Mark Kennedy, director of Imperial’s KPMG Centre for Advanced Business Analytics, says highly technical graduates can be “good at Stem stuff and terrible at explaining what they are doing to a business person”.
A course such as Imperial’s one-year MSc in business analytics, which costs £26,000 and is in its first year of operation, can be a “rounding out” for such people, he argues.
Mastery of machine learning — getting computers to improve through their experience — and data visualisation “doesn’t naturally translate into knowing how to formulate the right question for a senior business decision maker”, he adds.
But Stem hotshots do not have to give up a whole year to a Big Data finishing school.
The Data Incubator, a young US company, runs an eight-week fellowship for postgrads who are looking to enter industry, for instance.

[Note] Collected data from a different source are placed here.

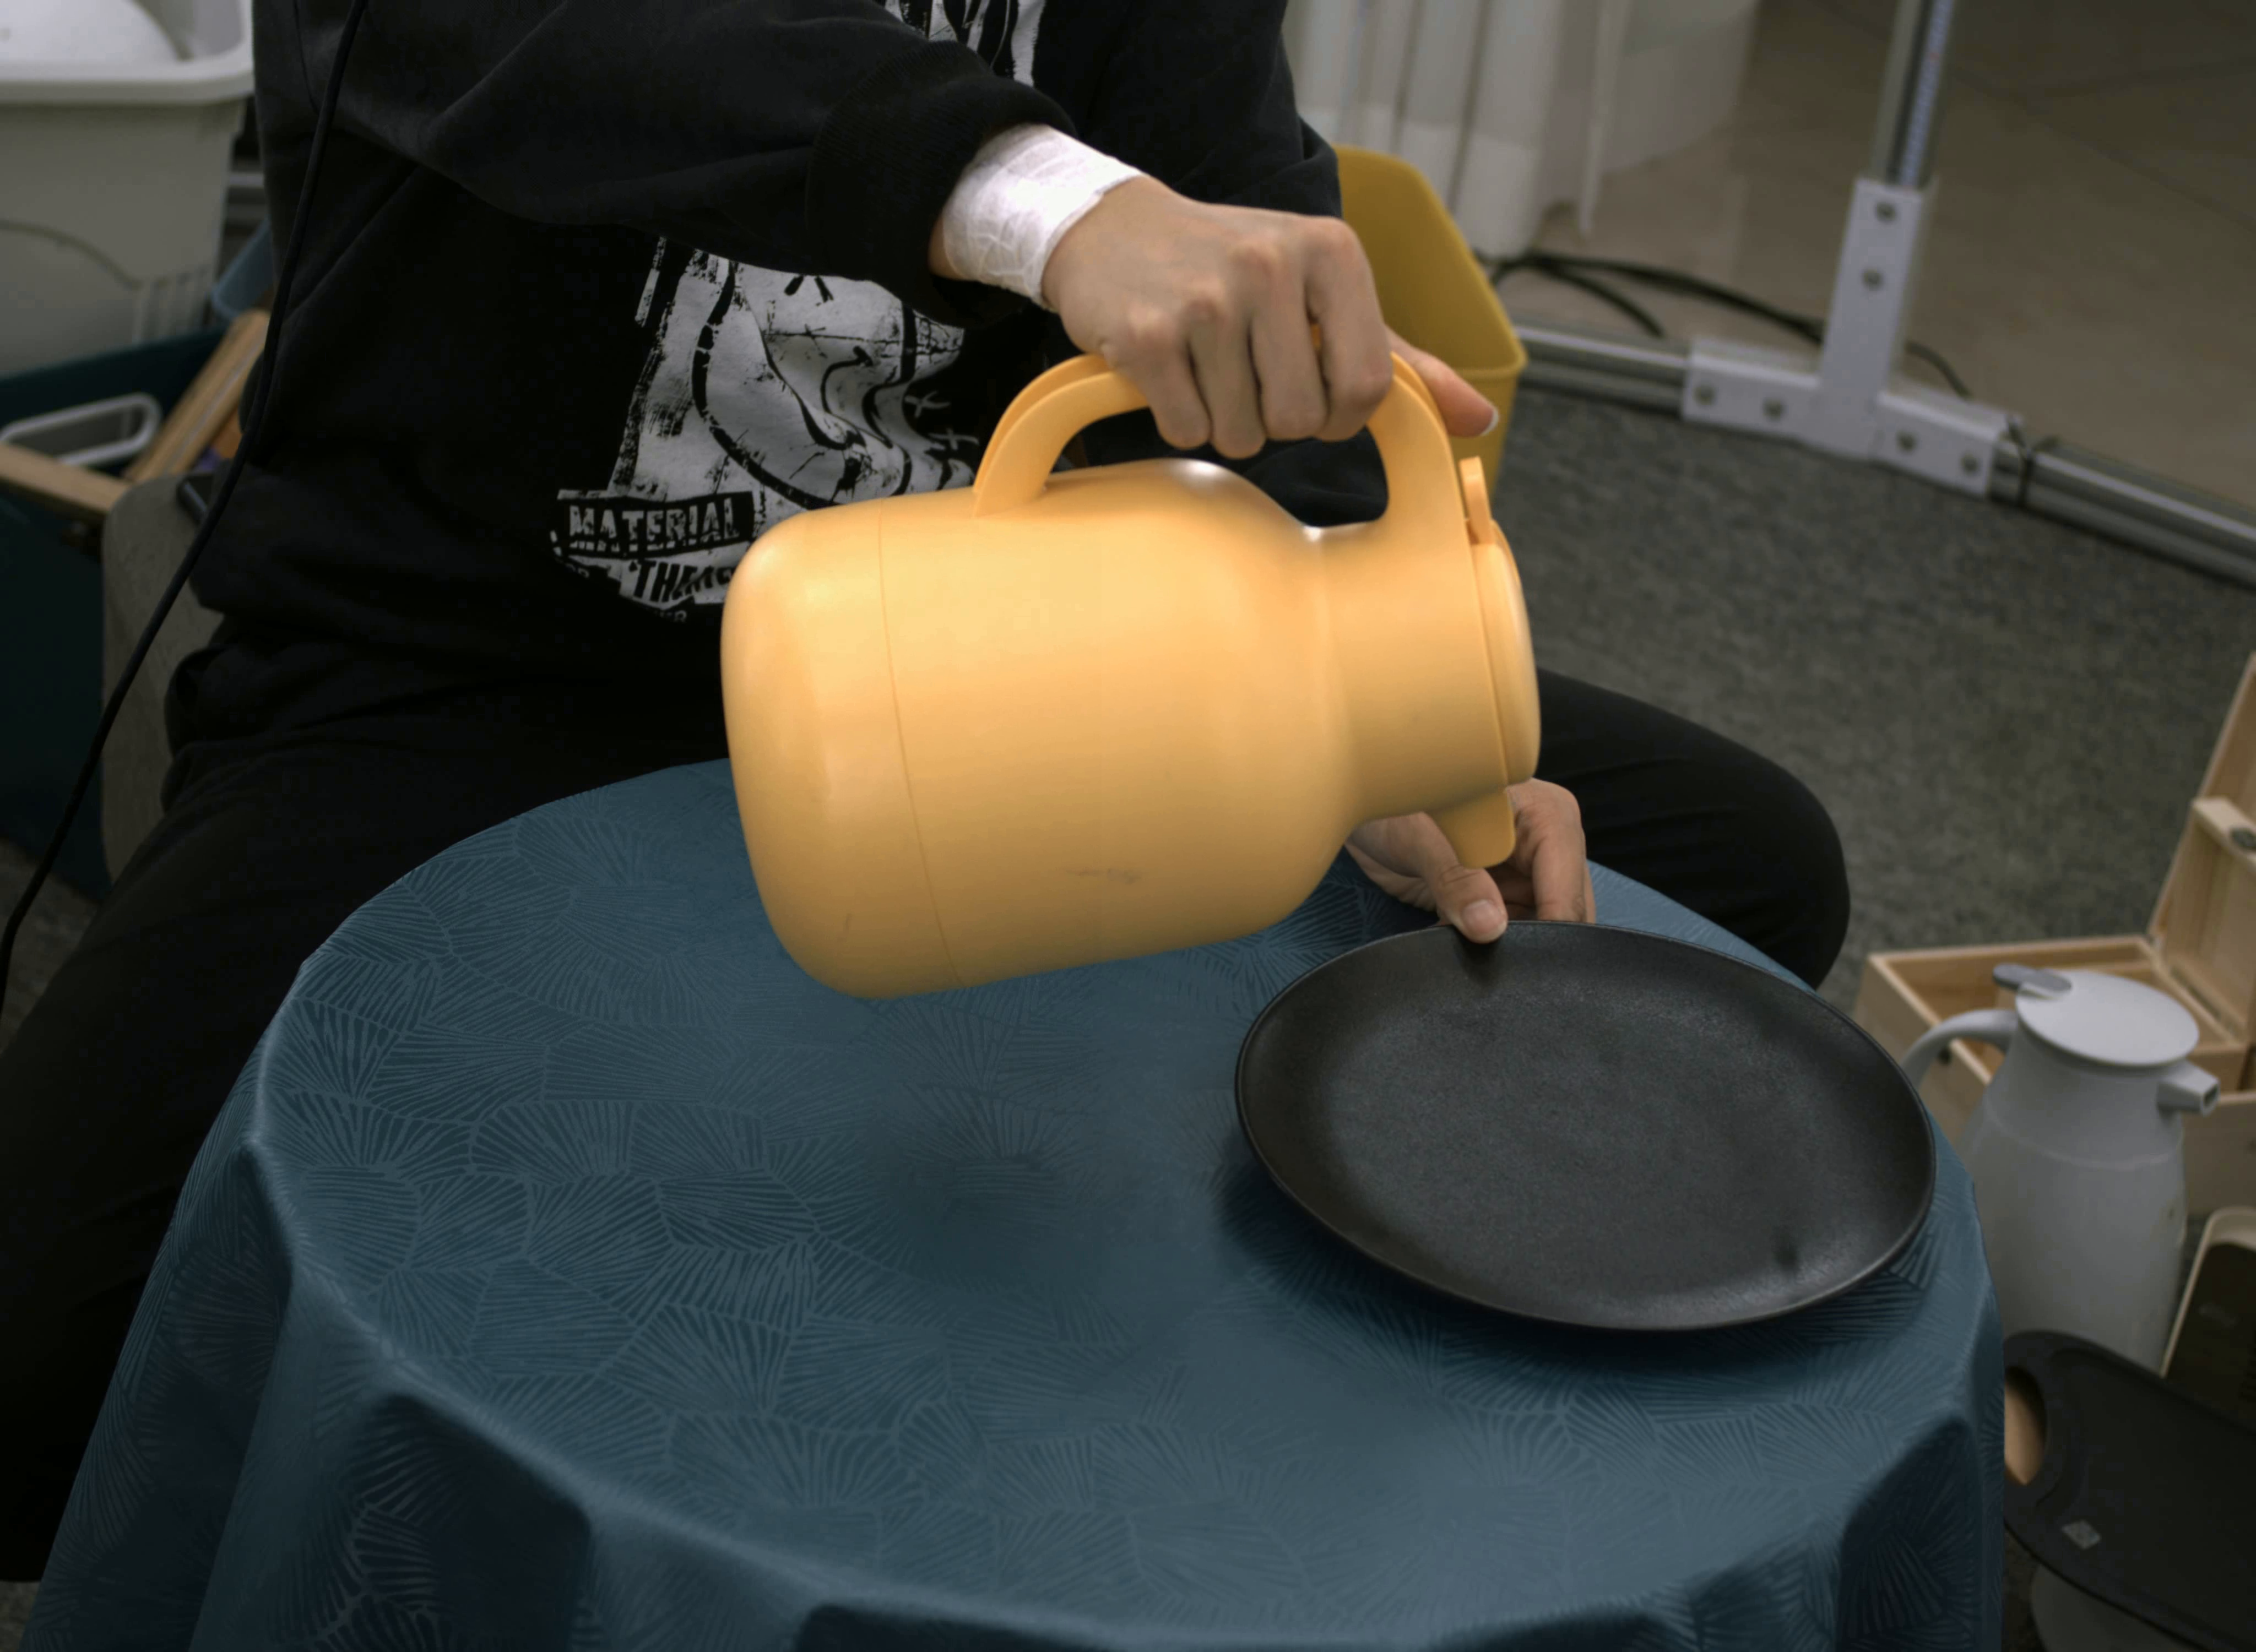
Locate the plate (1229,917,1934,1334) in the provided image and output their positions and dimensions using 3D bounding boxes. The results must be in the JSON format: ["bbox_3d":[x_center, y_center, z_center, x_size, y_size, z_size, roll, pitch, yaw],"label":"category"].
[{"bbox_3d":[0.155,0.107,1.830,0.243,0.023,0.246,4,32,-3],"label":"plate"}]

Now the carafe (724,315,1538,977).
[{"bbox_3d":[0.001,-0.061,1.734,0.260,0.202,0.164,-7,19,1],"label":"carafe"}]
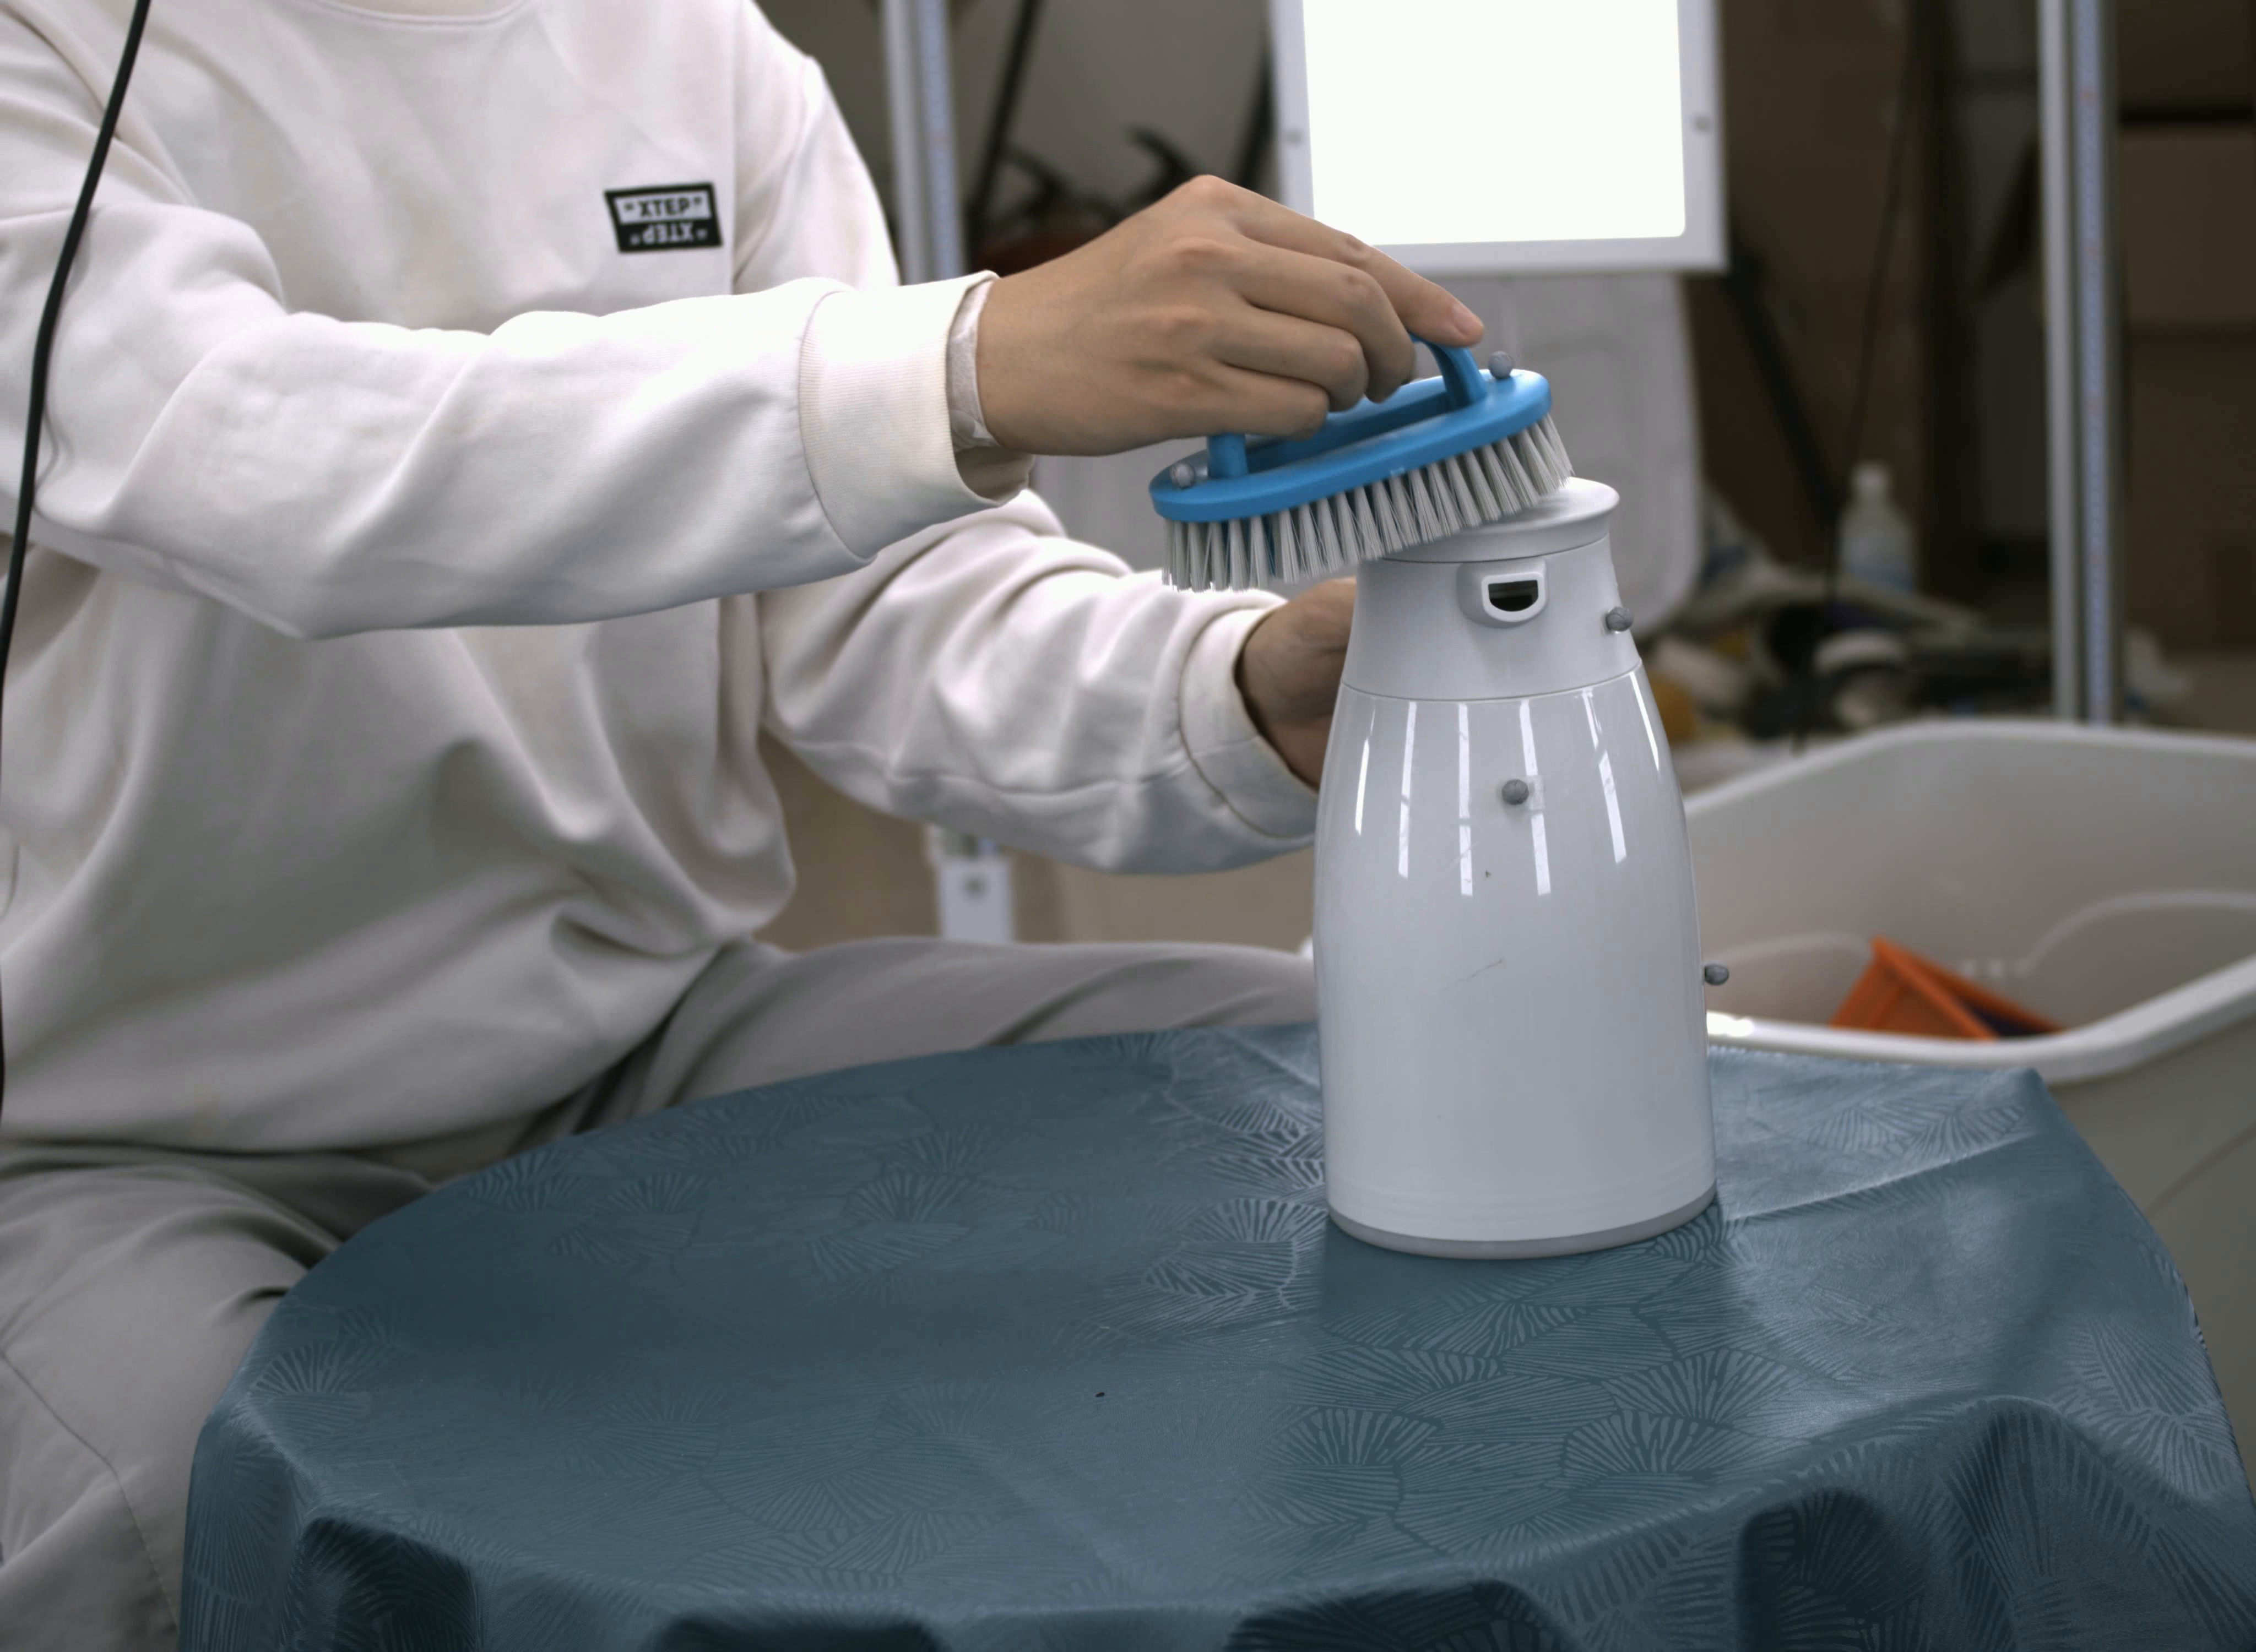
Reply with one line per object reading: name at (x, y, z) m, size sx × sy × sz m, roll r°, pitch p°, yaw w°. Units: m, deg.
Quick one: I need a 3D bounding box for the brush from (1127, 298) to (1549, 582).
brush at (0.067, -0.130, 1.761) m, size 0.140 × 0.064 × 0.085 m, roll -20°, pitch 21°, yaw -12°

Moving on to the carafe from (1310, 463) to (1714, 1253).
carafe at (0.121, 0.000, 1.842) m, size 0.132 × 0.249 × 0.168 m, roll -6°, pitch 13°, yaw -4°

The fellowship — a boot-camp style conversion course — is paid for by employers who seek to scoop up the best talents for their own data-wrangling needs.
The business was set up by Michael Li, who has worked as a data scientist at Foursquare, a leisure app, and as a quantitative analyst in finance.
Mr Li suggests that for those who already have a strong statistical background, it may not make sense to take a long course in business analytics — “and sleep through 80 per cent of it”.
Meanwhile, regular MBA programmes can also have a strong business analytics component, although not in such depth as a standalone masters course.
Demystifying data for generalists
At a less technical level, the boom in Big Data courses is also being fed by the need for a special type of worker — those who can bridge the gap between the data analysts and the managers who are supposed to frame the questions that the process is supposed to answer.
Chris Bradshaw plans to be one of these people linking the generalists in suits with the specialists in T-shirts. After an undergraduate degree in chemical engineering, he worked in management consultancy for 15 years before signing up for the inaugural Imperial MSc in business analytics.
The 39-year-old was drawn to the intellectual challenge of the emerging discipline after the rather less elegant slog of helping to implement large-scale IT projects. “It’s a massive growth area,” he says of business analytics.
While some of his peers on the course want to develop expert coding skills in Python or R, a statistical computing language, he is content to “understand what goes in and comes out”.
That chimes with the attitude of Soumitra Dutta, dean of Cornell University’s Johnson business school, who has a Big Data research background. Although his school has not as yet launched a standalone business analytics degree, he says its courses already have a strong quantitative bent.
The growing technological sophistication of the subject means that it is getting harder for even the most tech-savvy to stay at the cutting edge of data science, he adds, meaning that a bridging role is a good one for a generalist to target.
“On the business side, I don’t think the real value is learning how to start programming. What we need to be able to do is learn how to work the programmers.”